Securing your security systems

 

Today‘s connected world is witnessing an unavoidable rise in cyber threats. Although most organizations put great care in securing their core business IT networks, the same standards are often overlooked for physical security networks. This leaves a significant gap for cyber criminals to breach into the corporate network. 


 

There is sometimes the misconception that physical security system network architecture is standalone with no internet access or external accessibility and can therefore not be accessed from an eternal network.

 

However, this is not the case and there are still risks:

  • Physical security systems have Windows-based servers and storage infrastructures which require frequent and timely OS, application patch and firmware updates.
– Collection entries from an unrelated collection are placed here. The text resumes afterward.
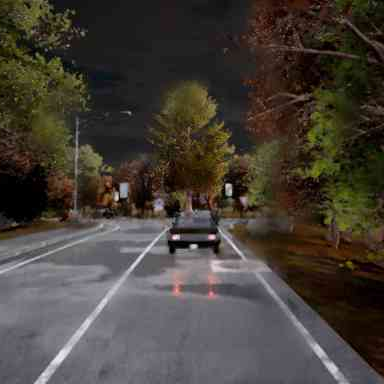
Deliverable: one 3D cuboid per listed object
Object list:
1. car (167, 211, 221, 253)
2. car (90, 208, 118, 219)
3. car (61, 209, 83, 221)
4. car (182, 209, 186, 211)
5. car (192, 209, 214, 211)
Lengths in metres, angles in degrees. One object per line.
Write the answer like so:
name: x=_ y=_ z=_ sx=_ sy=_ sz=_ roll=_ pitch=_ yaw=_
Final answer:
car: x=0.103 y=1.623 z=13.615 sx=1.895 sy=1.301 sz=4.718 roll=0 pitch=-1 yaw=1
car: x=-16.851 y=4.209 z=64.134 sx=2.150 sy=2.045 sz=5.566 roll=-3 pitch=-3 yaw=34
car: x=-16.433 y=3.120 z=45.594 sx=2.097 sy=1.767 sz=4.553 roll=3 pitch=-5 yaw=-32
car: x=-1.256 y=4.671 z=71.427 sx=5.566 sy=2.045 sz=2.150 roll=1 pitch=-4 yaw=-1
car: x=1.362 y=2.306 z=30.679 sx=2.033 sy=1.411 sz=5.357 roll=-1 pitch=-4 yaw=11
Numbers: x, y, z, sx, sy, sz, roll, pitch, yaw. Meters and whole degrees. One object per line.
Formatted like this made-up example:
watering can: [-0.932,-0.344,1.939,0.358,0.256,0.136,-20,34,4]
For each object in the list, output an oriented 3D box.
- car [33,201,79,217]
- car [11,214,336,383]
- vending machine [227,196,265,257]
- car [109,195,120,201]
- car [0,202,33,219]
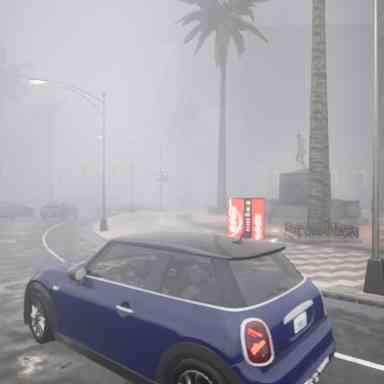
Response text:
car: [-10.813,1.491,27.443,2.128,1.511,4.902,0,0,-3]
car: [-0.525,1.352,4.762,4.553,1.767,2.097,0,0,40]
vending machine: [1.979,1.195,12.184,1.100,2.100,0.880,0,0,-42]
car: [-20.711,1.513,89.385,2.161,1.482,4.786,0,0,3]
car: [-14.986,1.564,27.998,1.994,1.385,4.181,0,0,3]

Internet access must be provided for these updates, therefore posing a threat.
  • A dissatisfied employee could access the unsecured network and lock, destroy or leak videos stored on the NVR, employee data on the access control or HR system (HR and ACS data is often interlinked), or other sensitive data from the security system.
  • A cyber intruder could simply disable the security system so that it no longer protects the facility, allowing intruders to enter the premises due to ineffective access control. 
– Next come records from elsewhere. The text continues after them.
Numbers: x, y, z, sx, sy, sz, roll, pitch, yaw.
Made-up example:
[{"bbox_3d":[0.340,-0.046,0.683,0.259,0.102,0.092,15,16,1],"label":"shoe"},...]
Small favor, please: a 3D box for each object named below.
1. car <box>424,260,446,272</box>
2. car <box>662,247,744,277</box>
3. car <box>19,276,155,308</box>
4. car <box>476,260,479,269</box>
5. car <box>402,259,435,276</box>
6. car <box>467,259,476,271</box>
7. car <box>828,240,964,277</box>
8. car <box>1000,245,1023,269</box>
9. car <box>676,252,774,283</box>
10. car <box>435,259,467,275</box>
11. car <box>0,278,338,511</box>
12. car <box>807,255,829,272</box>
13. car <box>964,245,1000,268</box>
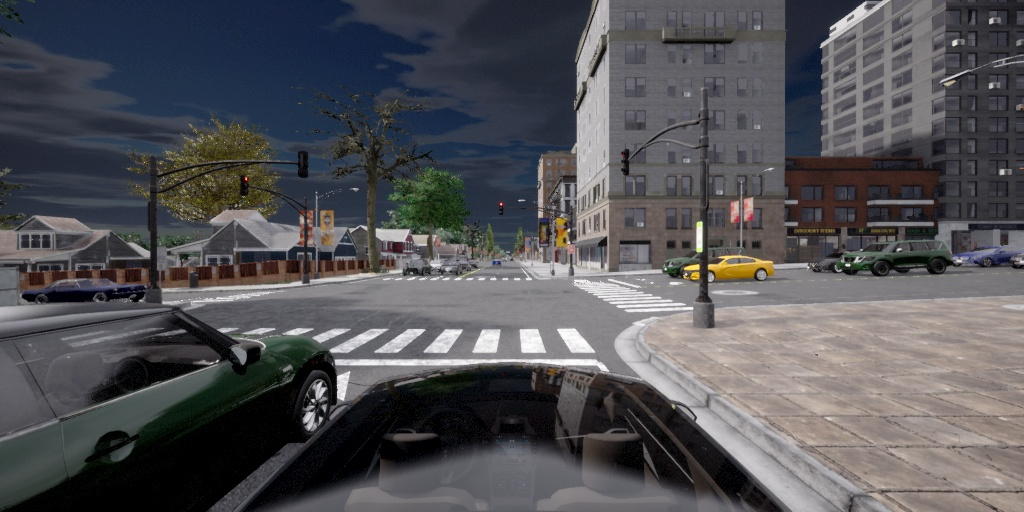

Recent studies have demonstrated that end point devises, like cameras and card readers, can pose as serious threats – they can be an easy entry point if not adequately secured. The most common infiltration method is using a default/weak password, user ID or through the presence of compromised firmware or software which has not been updated.

 

Although manufacturers typically provide means to safeguard systems, many implementation partners and end users ignore rolling out these procedures and expose the organization to risk.